A novel use of multivariate statistics to diagnose test-to-test variation in complex measurement systems

2018 
Abstract Vehicle testing is critical to demonstrating the cost-benefits of new technologies that will reduce fuel consumption, CO 2 and toxic emissions. However, vehicle testing is also costly, time consuming and it is vital that these are conducted efficiently and that the information they yield is maximised. Vehicles are complex systems, but it is straightforward to install intensive instrumentation to record many data channels. Due to costs, relatively few repeated test cycles are conducted. Identifying correlations within these datasets is challenging and requires expert input who ultimately focus on small subsets of the original data. In this paper, a novel application of Partial Least Squares (PLS) regression is used to explore the complete data set, without the need for data exclusion. Two approaches are used, the first collapses the data set and analyses all data channels without time variations, while the second unfolds the data set to avoid any information loss. The technique allows for the systematic analysis of large datasets in a very time efficient way meaning more information can be obtained about a testing campaign.
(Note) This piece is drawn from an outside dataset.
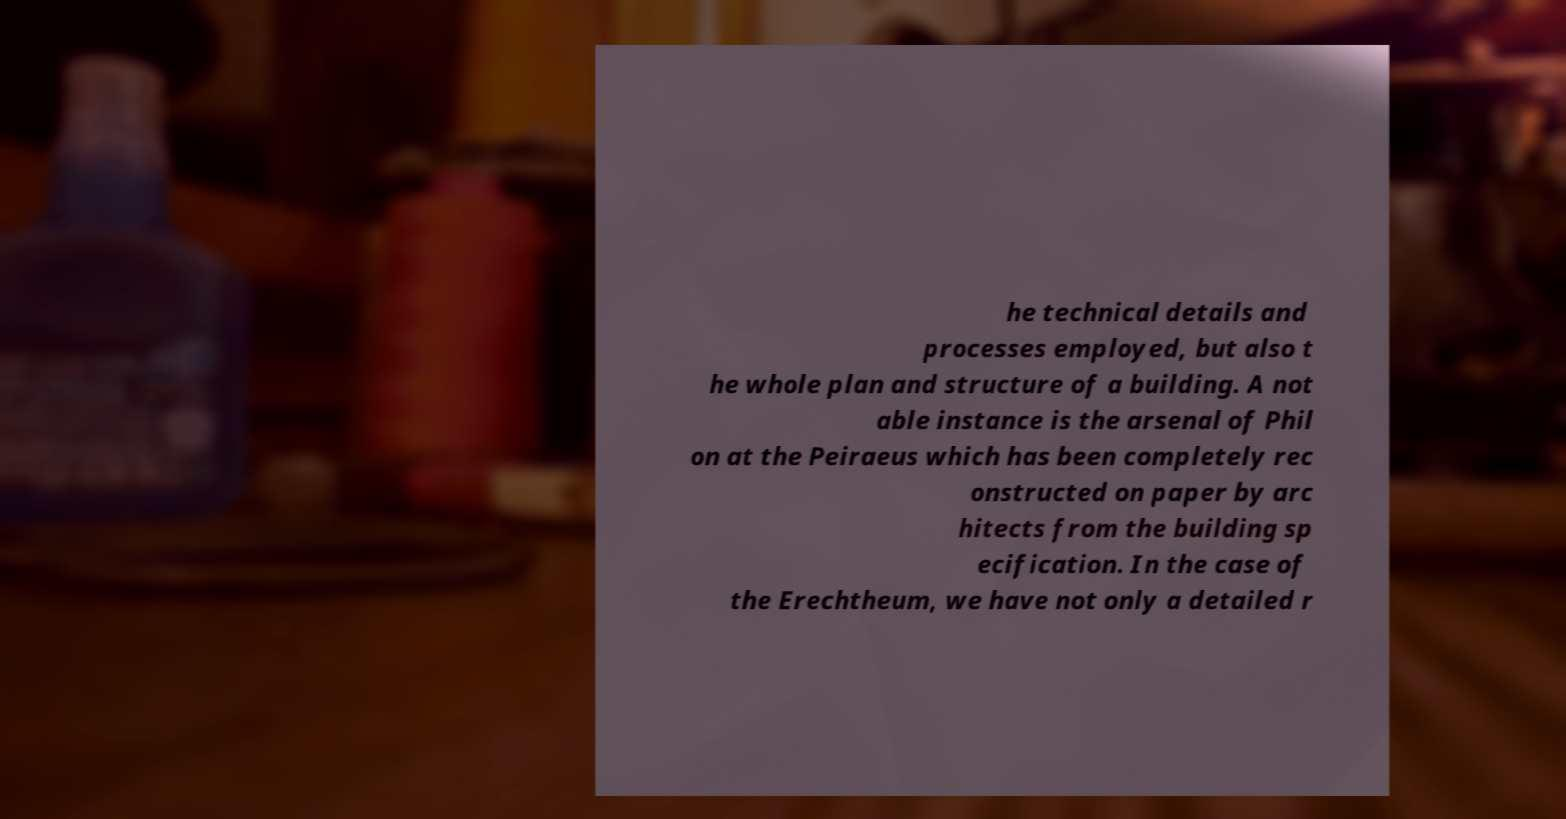Can you accurately transcribe the text from the provided image for me? he technical details and processes employed, but also t he whole plan and structure of a building. A not able instance is the arsenal of Phil on at the Peiraeus which has been completely rec onstructed on paper by arc hitects from the building sp ecification. In the case of the Erechtheum, we have not only a detailed r 
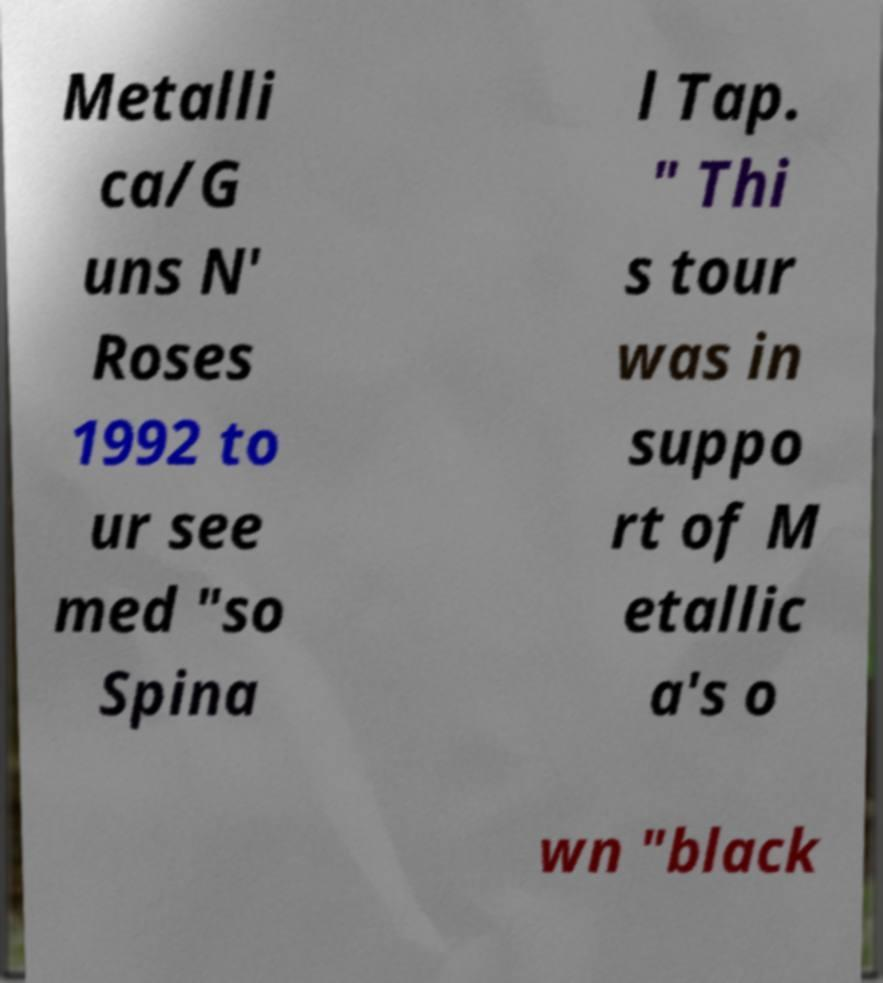Please identify and transcribe the text found in this image. Metalli ca/G uns N' Roses 1992 to ur see med "so Spina l Tap. " Thi s tour was in suppo rt of M etallic a's o wn "black

The methodology is used successfully to identify sources of imprecision in four different case studies to analyse sources of imprecision in vehicle testing on a chassis dynamometer. These findings will lead to significant improvements in vehicle testing, allowing both substantial savings in testing effort and increased likelihood confidence in demonstrating the cost-benefit of new products. The measurement analysis technique can also be applied to other fields where repeated testing or batch processes are conducted.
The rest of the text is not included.